§ **WHAT NEEDS TO BE DONE**
Please restate, word for word, the lines below that begin at the one with "16. rack frame (1867, 0, 1903, 177)" and end at the one with "29. plastic bottle (568, 189, 613, 232)". Leave out all other lines.

§ **ENTRIES SHOWN**
= = =

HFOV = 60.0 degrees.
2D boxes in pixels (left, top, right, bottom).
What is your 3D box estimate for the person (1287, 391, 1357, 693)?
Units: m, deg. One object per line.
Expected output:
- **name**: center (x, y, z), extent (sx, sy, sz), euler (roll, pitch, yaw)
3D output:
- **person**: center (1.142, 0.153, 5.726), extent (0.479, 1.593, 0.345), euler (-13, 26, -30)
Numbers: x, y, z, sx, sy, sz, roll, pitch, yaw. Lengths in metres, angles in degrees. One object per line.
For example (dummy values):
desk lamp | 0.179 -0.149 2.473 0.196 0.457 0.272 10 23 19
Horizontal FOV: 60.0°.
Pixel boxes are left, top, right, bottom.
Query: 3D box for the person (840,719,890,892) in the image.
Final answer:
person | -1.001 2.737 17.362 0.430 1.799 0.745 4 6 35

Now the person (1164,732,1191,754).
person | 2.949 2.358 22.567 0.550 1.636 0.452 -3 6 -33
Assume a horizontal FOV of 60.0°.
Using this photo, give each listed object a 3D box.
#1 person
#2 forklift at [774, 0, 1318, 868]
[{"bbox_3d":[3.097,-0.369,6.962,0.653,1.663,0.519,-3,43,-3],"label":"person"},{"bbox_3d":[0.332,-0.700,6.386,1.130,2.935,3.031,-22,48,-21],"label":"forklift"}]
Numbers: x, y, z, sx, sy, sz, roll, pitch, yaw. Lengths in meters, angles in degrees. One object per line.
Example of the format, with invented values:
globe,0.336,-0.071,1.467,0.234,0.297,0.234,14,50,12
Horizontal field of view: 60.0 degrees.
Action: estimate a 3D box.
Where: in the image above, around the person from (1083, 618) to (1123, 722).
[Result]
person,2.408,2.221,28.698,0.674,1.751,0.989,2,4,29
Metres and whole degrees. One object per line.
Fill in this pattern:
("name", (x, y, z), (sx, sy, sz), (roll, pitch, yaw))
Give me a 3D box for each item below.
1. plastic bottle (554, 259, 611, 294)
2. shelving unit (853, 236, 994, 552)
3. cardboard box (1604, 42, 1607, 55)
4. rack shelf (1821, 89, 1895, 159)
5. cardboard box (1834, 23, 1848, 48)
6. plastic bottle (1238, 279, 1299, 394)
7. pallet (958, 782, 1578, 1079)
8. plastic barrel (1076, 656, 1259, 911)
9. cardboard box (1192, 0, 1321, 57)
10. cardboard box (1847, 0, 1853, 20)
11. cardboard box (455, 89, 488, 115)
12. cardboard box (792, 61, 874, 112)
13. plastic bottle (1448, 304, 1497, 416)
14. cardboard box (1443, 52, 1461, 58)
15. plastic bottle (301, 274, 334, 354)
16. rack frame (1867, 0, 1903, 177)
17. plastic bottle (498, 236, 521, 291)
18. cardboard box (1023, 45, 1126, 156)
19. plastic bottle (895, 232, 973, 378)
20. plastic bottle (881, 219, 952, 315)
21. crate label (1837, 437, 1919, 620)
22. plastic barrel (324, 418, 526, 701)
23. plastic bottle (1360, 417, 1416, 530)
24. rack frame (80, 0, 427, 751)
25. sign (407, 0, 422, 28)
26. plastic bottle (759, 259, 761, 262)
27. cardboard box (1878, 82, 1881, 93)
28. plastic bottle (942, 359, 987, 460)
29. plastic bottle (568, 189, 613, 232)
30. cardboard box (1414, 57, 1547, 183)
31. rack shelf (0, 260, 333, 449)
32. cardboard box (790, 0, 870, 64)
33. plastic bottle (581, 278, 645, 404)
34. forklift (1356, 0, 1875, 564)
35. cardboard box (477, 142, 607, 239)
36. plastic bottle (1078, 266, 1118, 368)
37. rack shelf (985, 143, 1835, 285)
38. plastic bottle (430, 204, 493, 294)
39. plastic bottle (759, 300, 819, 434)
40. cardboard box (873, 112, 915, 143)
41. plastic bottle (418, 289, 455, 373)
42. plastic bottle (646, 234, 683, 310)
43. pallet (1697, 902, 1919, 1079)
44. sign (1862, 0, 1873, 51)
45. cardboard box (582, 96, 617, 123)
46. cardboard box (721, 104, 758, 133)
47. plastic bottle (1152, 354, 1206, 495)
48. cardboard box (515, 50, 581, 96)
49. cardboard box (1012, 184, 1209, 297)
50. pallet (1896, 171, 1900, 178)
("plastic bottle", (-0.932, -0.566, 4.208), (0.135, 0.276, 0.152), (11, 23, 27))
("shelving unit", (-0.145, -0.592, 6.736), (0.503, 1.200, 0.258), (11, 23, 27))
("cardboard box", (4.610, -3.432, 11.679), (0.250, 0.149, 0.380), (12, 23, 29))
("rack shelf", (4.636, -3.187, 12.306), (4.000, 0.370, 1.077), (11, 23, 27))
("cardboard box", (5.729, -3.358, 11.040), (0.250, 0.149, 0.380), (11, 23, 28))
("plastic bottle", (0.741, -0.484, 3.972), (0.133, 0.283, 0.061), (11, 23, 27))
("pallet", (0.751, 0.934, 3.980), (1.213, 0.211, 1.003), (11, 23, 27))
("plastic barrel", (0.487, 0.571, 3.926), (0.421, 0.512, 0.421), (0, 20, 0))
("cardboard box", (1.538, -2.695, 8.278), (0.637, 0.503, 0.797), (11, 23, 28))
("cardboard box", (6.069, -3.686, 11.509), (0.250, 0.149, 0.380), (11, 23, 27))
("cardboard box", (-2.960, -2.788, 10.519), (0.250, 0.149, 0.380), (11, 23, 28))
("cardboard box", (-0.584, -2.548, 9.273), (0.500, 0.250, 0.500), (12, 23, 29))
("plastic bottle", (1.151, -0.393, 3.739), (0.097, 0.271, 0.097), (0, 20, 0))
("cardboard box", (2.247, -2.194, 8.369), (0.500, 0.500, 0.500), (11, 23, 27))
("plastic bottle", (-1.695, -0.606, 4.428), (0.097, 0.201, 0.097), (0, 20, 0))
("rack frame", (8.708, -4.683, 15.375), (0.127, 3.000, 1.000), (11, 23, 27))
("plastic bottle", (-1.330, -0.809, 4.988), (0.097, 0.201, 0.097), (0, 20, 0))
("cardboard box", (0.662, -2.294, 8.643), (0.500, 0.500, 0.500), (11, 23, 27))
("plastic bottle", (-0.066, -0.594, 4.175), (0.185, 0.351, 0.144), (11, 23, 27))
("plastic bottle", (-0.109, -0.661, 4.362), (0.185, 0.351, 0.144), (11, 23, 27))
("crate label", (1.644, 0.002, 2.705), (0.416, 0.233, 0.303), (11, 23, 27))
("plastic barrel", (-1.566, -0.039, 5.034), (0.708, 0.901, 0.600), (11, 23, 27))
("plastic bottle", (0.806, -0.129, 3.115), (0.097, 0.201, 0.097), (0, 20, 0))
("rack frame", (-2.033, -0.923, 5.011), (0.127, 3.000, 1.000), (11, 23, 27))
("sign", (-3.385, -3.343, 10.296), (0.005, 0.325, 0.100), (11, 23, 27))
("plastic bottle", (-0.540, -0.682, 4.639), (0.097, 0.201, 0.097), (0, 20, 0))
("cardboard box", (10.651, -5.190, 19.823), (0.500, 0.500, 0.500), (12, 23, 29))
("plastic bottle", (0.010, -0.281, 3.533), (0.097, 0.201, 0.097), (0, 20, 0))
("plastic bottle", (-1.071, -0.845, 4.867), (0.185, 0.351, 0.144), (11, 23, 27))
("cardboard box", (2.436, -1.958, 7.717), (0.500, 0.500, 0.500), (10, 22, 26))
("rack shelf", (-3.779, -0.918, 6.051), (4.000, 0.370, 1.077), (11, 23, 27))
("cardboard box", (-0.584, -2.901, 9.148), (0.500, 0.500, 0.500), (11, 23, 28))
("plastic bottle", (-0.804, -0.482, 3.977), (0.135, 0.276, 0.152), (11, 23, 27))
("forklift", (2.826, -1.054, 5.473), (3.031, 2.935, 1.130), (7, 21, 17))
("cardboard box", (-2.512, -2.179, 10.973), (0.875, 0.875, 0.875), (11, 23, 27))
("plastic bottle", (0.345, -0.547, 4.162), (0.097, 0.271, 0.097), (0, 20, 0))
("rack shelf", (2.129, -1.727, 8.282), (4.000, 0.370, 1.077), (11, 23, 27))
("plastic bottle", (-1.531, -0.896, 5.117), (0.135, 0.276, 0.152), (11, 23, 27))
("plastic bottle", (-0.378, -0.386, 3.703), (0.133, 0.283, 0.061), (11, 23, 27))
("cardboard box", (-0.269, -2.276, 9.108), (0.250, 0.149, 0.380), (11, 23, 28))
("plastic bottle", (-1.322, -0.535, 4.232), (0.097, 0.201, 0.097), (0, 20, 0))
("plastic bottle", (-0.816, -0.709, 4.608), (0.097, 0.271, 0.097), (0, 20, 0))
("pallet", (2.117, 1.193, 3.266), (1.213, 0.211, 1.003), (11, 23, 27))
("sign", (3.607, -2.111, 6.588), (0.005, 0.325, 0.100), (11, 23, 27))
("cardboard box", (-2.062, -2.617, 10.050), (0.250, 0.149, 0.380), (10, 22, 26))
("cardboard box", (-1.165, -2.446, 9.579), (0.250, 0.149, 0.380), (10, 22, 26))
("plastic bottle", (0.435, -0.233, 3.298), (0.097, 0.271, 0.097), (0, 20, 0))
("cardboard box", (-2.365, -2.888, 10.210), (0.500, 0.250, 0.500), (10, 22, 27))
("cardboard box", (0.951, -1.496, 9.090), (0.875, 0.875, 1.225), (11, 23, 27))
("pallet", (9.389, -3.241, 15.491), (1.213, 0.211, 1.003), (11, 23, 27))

= = =

§ **THE COMPLETED TASK**
16. rack frame (1867, 0, 1903, 177)
17. plastic bottle (498, 236, 521, 291)
18. cardboard box (1023, 45, 1126, 156)
19. plastic bottle (895, 232, 973, 378)
20. plastic bottle (881, 219, 952, 315)
21. crate label (1837, 437, 1919, 620)
22. plastic barrel (324, 418, 526, 701)
23. plastic bottle (1360, 417, 1416, 530)
24. rack frame (80, 0, 427, 751)
25. sign (407, 0, 422, 28)
26. plastic bottle (759, 259, 761, 262)
27. cardboard box (1878, 82, 1881, 93)
28. plastic bottle (942, 359, 987, 460)
29. plastic bottle (568, 189, 613, 232)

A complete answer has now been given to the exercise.